Below, find the line containing "Describe this image"; from there to the final line, print every line exactly and skip the pictures.

:: Raw data

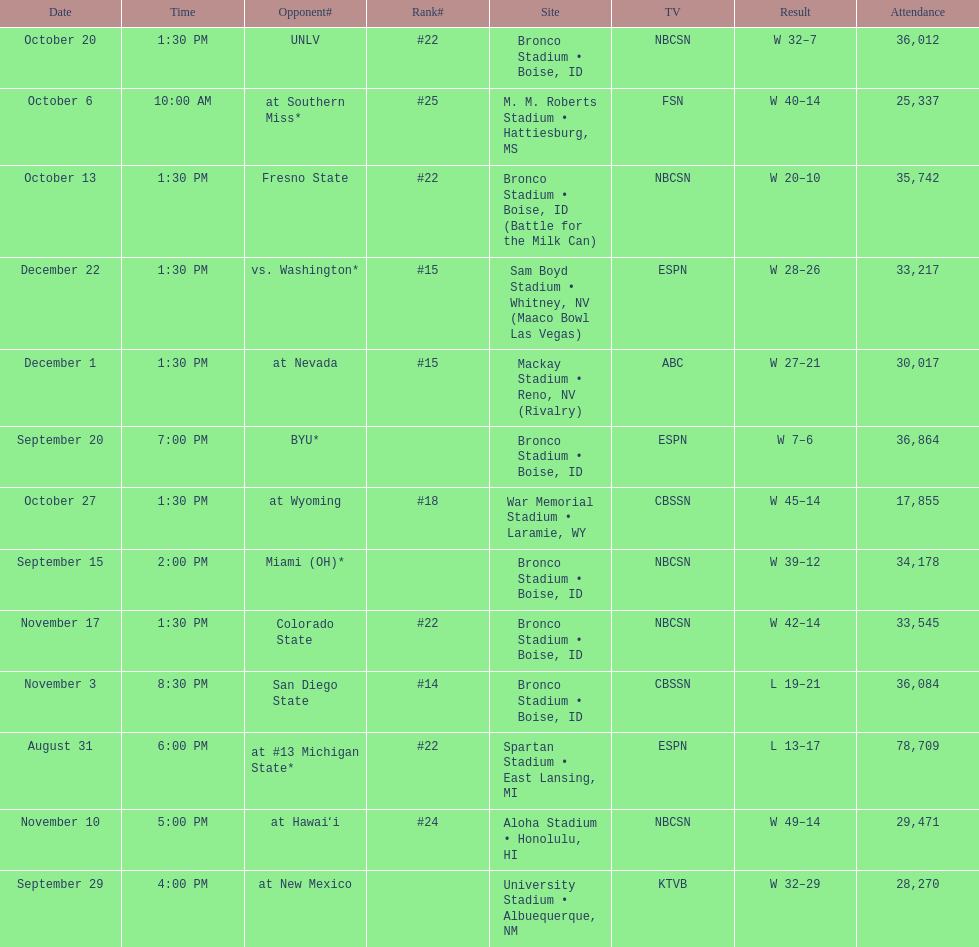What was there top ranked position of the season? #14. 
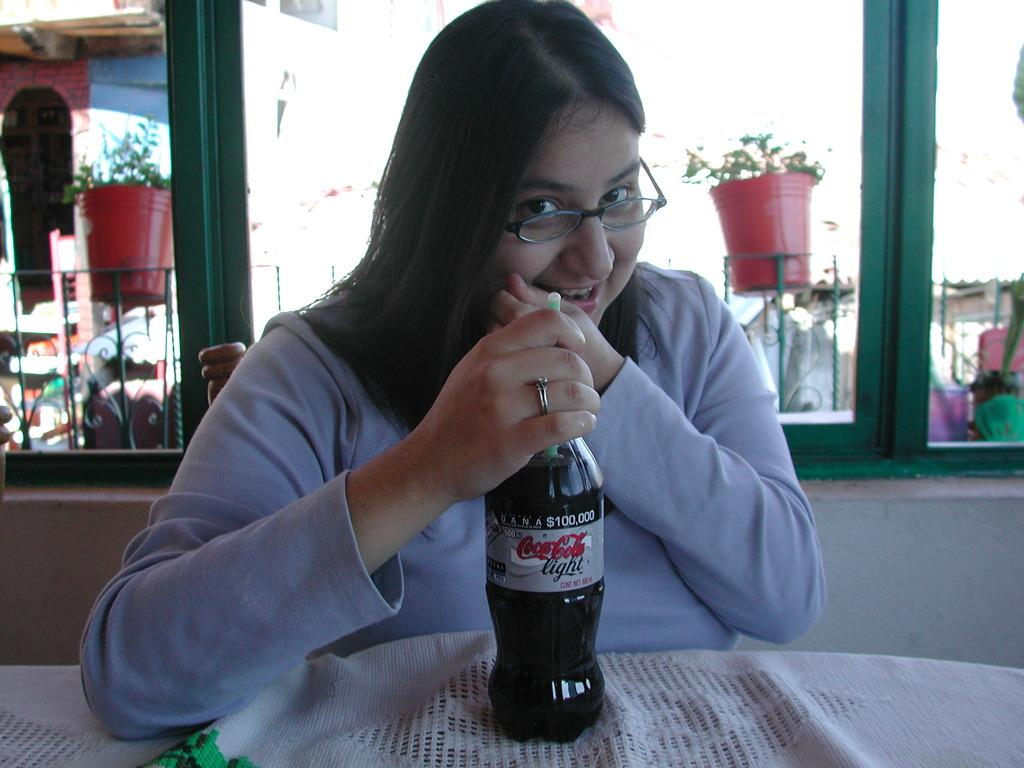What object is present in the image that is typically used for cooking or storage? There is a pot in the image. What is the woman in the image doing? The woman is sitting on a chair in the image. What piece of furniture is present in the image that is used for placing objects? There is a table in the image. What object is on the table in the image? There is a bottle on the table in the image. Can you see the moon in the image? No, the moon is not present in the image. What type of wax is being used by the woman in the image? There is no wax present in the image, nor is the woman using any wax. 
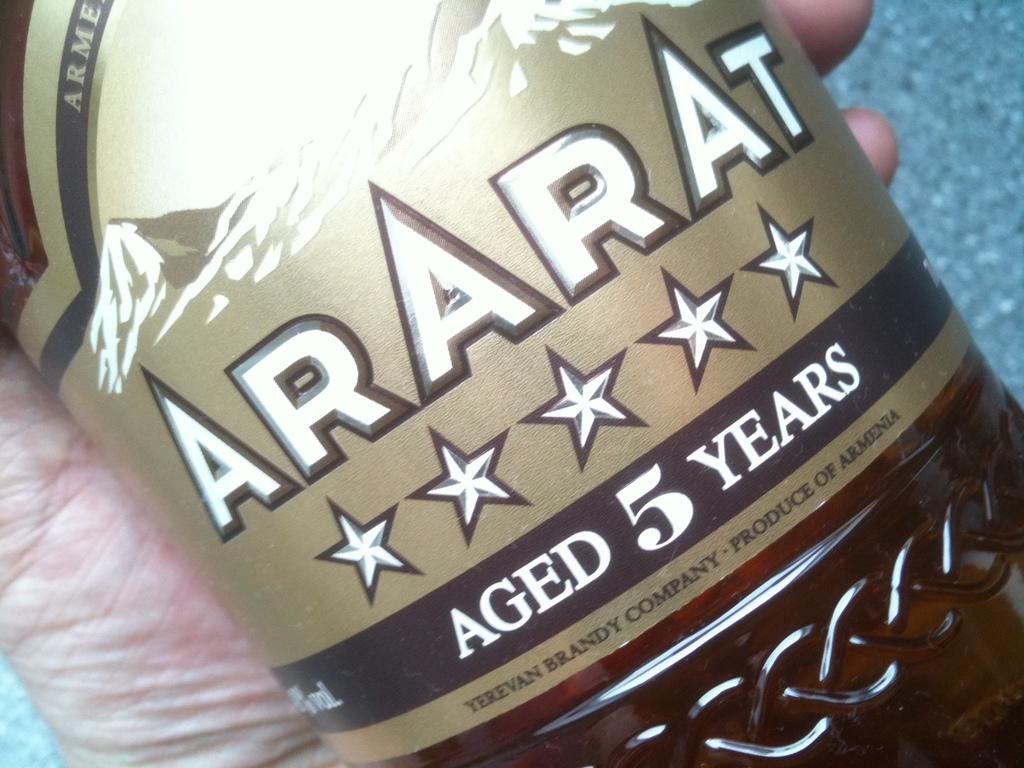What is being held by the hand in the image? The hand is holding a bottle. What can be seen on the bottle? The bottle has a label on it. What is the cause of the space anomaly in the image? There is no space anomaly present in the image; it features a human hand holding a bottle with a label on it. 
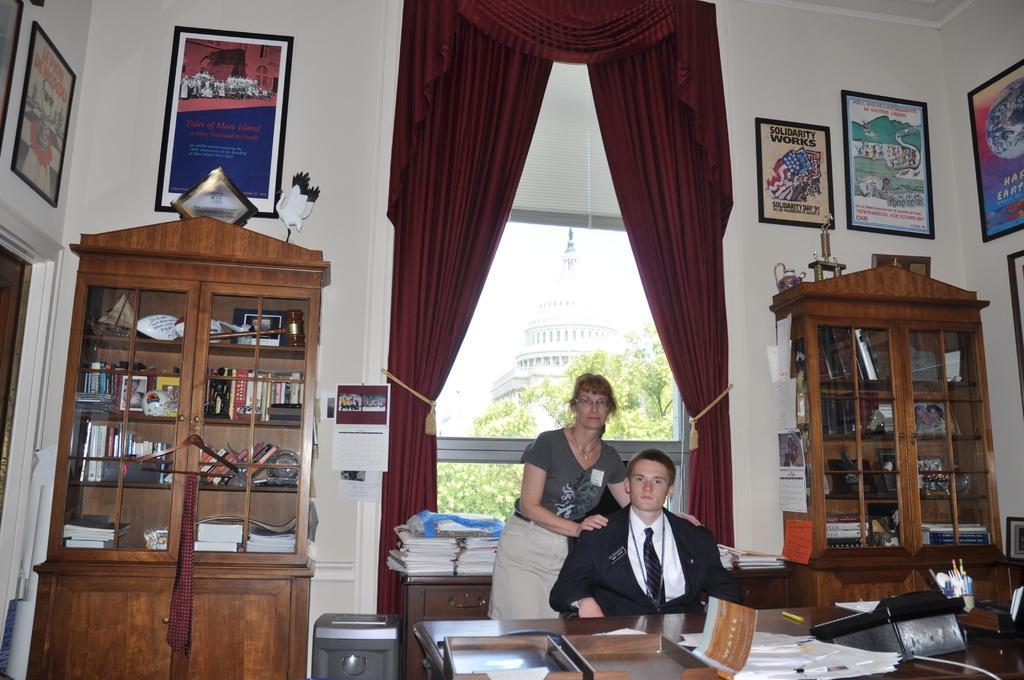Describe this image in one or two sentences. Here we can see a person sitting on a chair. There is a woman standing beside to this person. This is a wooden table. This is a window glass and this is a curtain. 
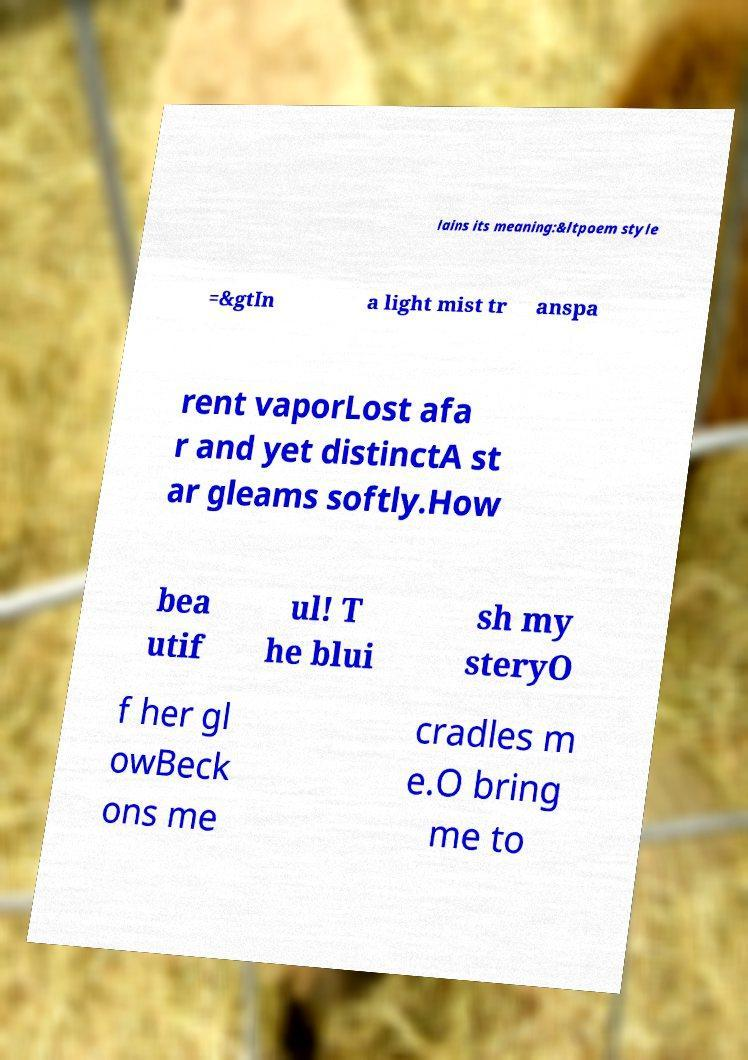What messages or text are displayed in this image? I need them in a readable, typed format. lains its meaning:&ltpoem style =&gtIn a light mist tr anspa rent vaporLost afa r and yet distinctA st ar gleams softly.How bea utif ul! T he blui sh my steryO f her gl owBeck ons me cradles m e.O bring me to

::::

### Task result
Describe this image in one or two sentences. Here we can see a person sitting on a chair. There is a woman standing beside to this person. This is a wooden table. This is a window glass and this is a curtain. 
What messages or text are displayed in this image? I need them in a readable, typed format. lains its meaning:&ltpoem style =&gtIn a light mist tr anspa rent vaporLost afa r and yet distinctA st ar gleams softly.How bea utif ul! T he blui sh my steryO f her gl owBeck ons me cradles m e.O bring me to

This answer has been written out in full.